A second use of smartcard data is to determine bus trip target attainment during the 14-week intervention phase, with Metro Tasmania allocating credit to participants meeting the targets—a feasible and acceptable process to participants and Metro Tasmania established in trips4health [18]. Bus trip credit will be commensurate with fare type (e.g. Adult, Adult Concession, Child/student; across zones 1–3). Participants will be notified via a weekly email whether they met their target, (any) credit they will receive and the next target.
A final use of smartcard data will be to determine any bus use change within and between the control and intervention groups.
Smartcard data collected will include: smartcard number; date, time and fare amount charged ($) at each boarding.
Surveys
4.9.3
Surveys will be electronic, with hard copies provided upon request. The surveys will include physical activity (T1, T2, T3), demographic (T1, T2, T3), health (T1, T2, T3), travel (T1, T2, T3), and changing circumstances (T2, T3) questions. The surveys have been adapted for young people as appropriate—removing questions suitable for adults only (e.g. marital status, height/weight, certain health conditions/behaviours) or including questions relevant to young people only (e.g. physical activity within the school setting).
- •Physical activity questions: The International Physical Activity Questionnaire – Long form (IPAQ-L) is reliable and widely used and will capture transport-related, leisure time, occupational, domestic and total physical activity and sedentary time at T1, T2 and T3 [42]. For young people only, questions related to physical activity within the school setting from the IPAQ-A were included [43].
- •Demographic questions: At T1 only: gender, date of birth, and language spoken at home. At T1, T2 and T3: highest level of education, student status, employment status, household composition, residential and work/study address, and income. Additionally, adults at T1, T2 and T3 will be asked about marital status and work from home arrangements.
- •Health-related questions: Adult participants only: height and weight using standard measures; if they have ever (and if current) been told by a doctor that they have high blood pressure, heart disease, stroke, diabetes, cancer, osteoporosis, depression or anxiety, or arthritis (Tasmanian Population Health Survey items [44]); current smoking [44]; illness/injury/disability that limits physical activity or bus use. All participants will be asked to rate their health ranging from excellent to poor. Health-related data will be collected at T1, T2 and T3.

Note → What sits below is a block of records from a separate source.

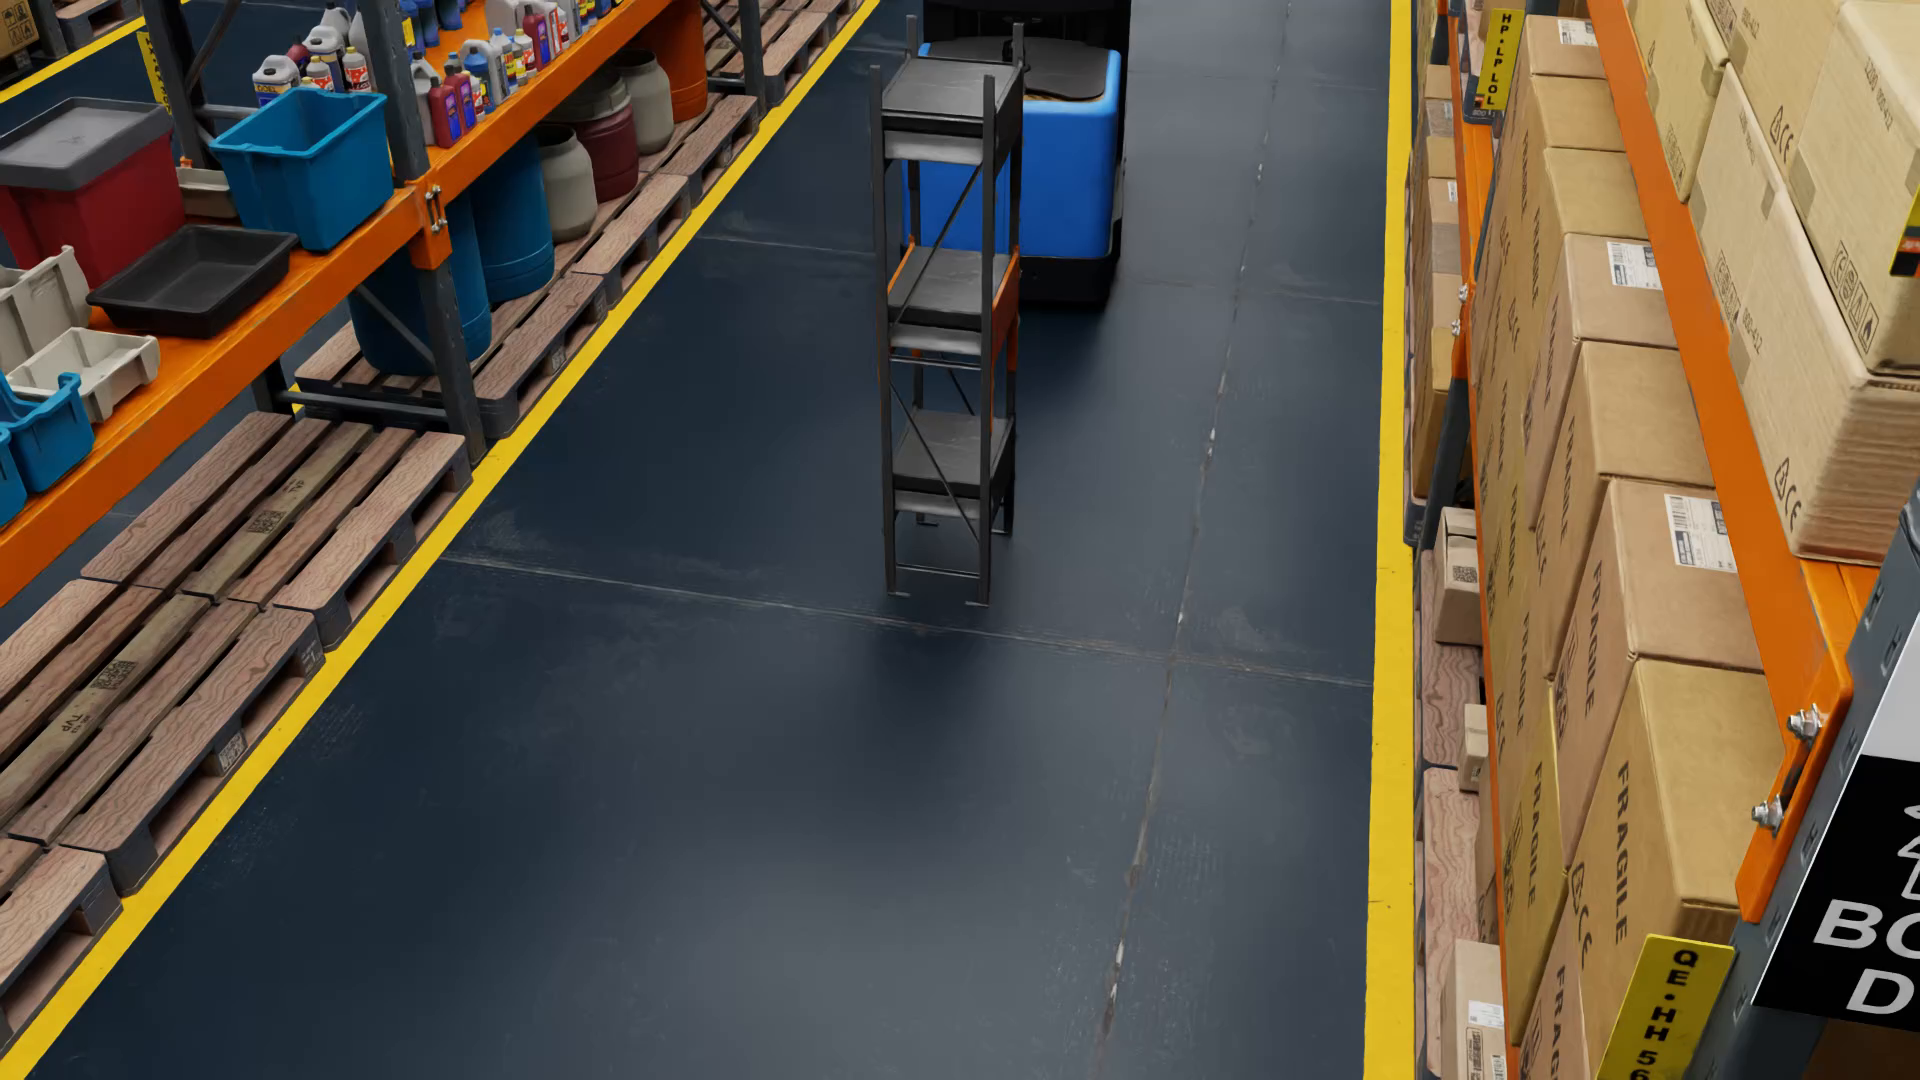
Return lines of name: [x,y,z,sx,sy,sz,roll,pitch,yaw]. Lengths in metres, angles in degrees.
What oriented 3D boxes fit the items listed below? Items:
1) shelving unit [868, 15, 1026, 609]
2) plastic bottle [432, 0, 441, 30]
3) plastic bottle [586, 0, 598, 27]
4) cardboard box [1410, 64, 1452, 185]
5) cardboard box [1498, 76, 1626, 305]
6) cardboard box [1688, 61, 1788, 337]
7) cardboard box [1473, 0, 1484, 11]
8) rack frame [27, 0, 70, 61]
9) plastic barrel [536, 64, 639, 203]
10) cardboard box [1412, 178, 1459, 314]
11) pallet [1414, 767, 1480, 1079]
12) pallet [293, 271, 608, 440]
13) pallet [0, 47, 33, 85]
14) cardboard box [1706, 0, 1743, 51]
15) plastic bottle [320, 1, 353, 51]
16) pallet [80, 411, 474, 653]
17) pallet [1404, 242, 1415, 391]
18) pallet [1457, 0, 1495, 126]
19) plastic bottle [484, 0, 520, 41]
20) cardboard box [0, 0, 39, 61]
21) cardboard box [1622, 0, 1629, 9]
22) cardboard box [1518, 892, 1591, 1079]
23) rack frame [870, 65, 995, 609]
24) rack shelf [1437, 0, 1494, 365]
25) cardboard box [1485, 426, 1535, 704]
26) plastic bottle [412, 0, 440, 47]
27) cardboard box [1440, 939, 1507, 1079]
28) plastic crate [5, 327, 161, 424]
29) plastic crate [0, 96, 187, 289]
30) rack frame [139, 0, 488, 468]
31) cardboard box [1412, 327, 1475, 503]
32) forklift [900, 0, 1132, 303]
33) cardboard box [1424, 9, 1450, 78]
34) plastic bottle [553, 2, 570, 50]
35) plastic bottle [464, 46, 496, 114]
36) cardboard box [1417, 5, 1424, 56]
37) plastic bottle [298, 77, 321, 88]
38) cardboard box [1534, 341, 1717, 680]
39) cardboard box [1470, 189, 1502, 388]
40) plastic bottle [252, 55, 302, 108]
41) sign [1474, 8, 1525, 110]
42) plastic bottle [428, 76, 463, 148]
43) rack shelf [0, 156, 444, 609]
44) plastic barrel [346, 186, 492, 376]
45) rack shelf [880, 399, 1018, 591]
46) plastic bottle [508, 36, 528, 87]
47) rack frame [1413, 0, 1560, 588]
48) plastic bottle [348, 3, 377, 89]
shelving unit: [-0.035,-0.755,6.003,0.431,2.100,0.503,7,37,10]
plastic bottle: [-2.535,-2.550,7.817,0.152,0.276,0.135,7,37,10]
plastic bottle: [-1.777,-2.573,7.853,0.097,0.271,0.097,0,36,0]
cardboard box: [2.748,-2.236,9.034,0.500,0.500,0.500,9,37,12]
cardboard box: [1.785,-0.916,4.521,0.500,0.500,0.500,6,36,9]
cardboard box: [1.386,-0.475,2.421,0.500,0.250,0.500,7,37,10]
cardboard box: [2.719,-2.630,7.379,0.700,0.500,0.500,14,38,19]
rack frame: [-6.552,-4.539,10.456,1.000,3.000,0.127,7,37,10]
plastic barrel: [-2.043,-2.181,8.901,0.600,0.588,0.708,7,37,10]
cardboard box: [2.424,-1.348,7.809,0.500,0.500,0.500,6,36,8]
pallet: [1.864,1.223,4.883,1.003,0.211,1.213,7,37,10]
pallet: [-2.362,-0.933,7.857,1.003,0.211,1.213,7,37,10]
pallet: [-6.794,-2.967,10.664,1.003,0.211,1.213,7,37,10]
cardboard box: [1.494,-0.964,2.670,0.500,0.250,0.500,7,37,10]
plastic bottle: [-2.691,-2.173,7.234,0.144,0.351,0.185,7,37,10]
pallet: [-2.687,-0.069,6.666,1.003,0.211,1.213,7,37,10]
pallet: [2.666,-1.045,8.012,1.003,0.211,1.213,7,37,10]
pallet: [2.714,-2.102,7.257,1.003,0.211,1.213,7,37,10]
plastic bottle: [-2.048,-2.342,7.531,0.152,0.276,0.135,7,37,10]
cardboard box: [-6.720,-3.455,10.414,1.225,0.875,0.875,6,36,8]
cardboard box: [1.706,-1.335,3.608,0.500,0.250,0.500,7,37,10]
cardboard box: [1.246,0.960,2.784,0.500,0.500,0.500,8,37,11]
rack frame: [-0.087,-0.615,5.810,0.400,2.100,0.015,7,37,10]
rack shelf: [2.698,-1.857,7.369,1.077,0.370,4.000,7,37,10]
cardboard box: [1.573,0.088,3.987,0.500,0.500,0.500,7,36,9]
plastic bottle: [-2.459,-2.410,7.628,0.097,0.271,0.097,0,36,0]
cardboard box: [1.524,1.343,4.309,0.500,0.250,0.500,7,37,10]
plastic crate: [-2.646,-0.506,5.066,0.293,0.136,0.466,7,37,10]
plastic crate: [-3.004,-1.194,5.736,0.402,0.464,0.583,7,37,10]
rack frame: [-2.568,-1.625,6.436,1.000,3.000,0.127,7,37,10]
cardboard box: [2.096,-0.486,6.620,0.500,0.500,0.500,7,37,10]
forklift: [0.378,-3.214,8.687,1.130,2.935,3.031,4,36,5]
cardboard box: [2.996,-2.910,9.716,0.500,0.311,0.500,8,37,11]
plastic bottle: [-1.847,-2.356,7.614,0.097,0.201,0.097,0,36,0]
plastic bottle: [-2.017,-1.930,6.967,0.097,0.271,0.097,0,36,0]
cardboard box: [3.216,-3.268,10.688,0.500,0.250,0.500,8,37,11]
plastic bottle: [-2.674,-1.806,6.855,0.097,0.201,0.097,0,36,0]
cardboard box: [1.456,-0.031,3.299,0.500,0.500,0.500,8,37,11]
cardboard box: [1.895,-0.784,5.191,0.500,0.500,0.500,8,37,11]
plastic bottle: [-2.799,-1.841,6.840,0.152,0.276,0.135,7,37,10]
sign: [1.727,-1.538,5.329,0.100,0.325,0.005,7,37,10]
plastic bottle: [-2.073,-1.734,6.686,0.061,0.283,0.133,7,37,10]
rack shelf: [-2.995,-0.187,5.065,1.077,0.370,4.000,7,37,10]
plastic barrel: [-2.435,-1.255,7.355,0.600,0.901,0.708,7,37,10]
rack shelf: [-0.035,-0.177,6.422,0.431,0.518,0.480,7,37,10]
plastic bottle: [-1.946,-2.090,7.248,0.097,0.201,0.097,0,36,0]
rack frame: [2.270,-1.002,5.576,1.000,3.000,0.127,7,37,10]
plastic bottle: [-2.550,-2.155,7.209,0.144,0.351,0.185,7,37,10]

- •Travel-related questions: At T1, T2 and T3 motorised vehicle access and ownership, access to equipment for active travel e.g. bicycle, driver's license, transport mode and frequency, time and distance to nearest bus stop (from home and work/study) and enablers/barriers of bus use. A simple paper-based seven-day travel diary completed at T1, T2 and T3 will capture mode, duration, and frequency of public, private, and active travel. Use of TravelVu will be encouraged—a freely available travel app that captures travel information per trip which will aid diary completion through better recall [45]. If participants use TravelVu they will be encouraged to send these data as a.csv file by email to a designated staff member.
- •Economic evaluation questions: Adult participants only: time spent commuting, use of time whilst commuting, work productivity and transport-related costs (e.g. walking equipment, fuel, parking) at T1, T2, T3
- •Changing circumstances questions: At T2 and T3: changes in health, home, or work circumstances, travel characteristics, or contact details.
- •Process evaluation: At T1, T2 and T3, participants will be asked to evaluate study materials, correspondence, intervention impact, report on their motivations for participating and staying involved in the study and provide general feedback.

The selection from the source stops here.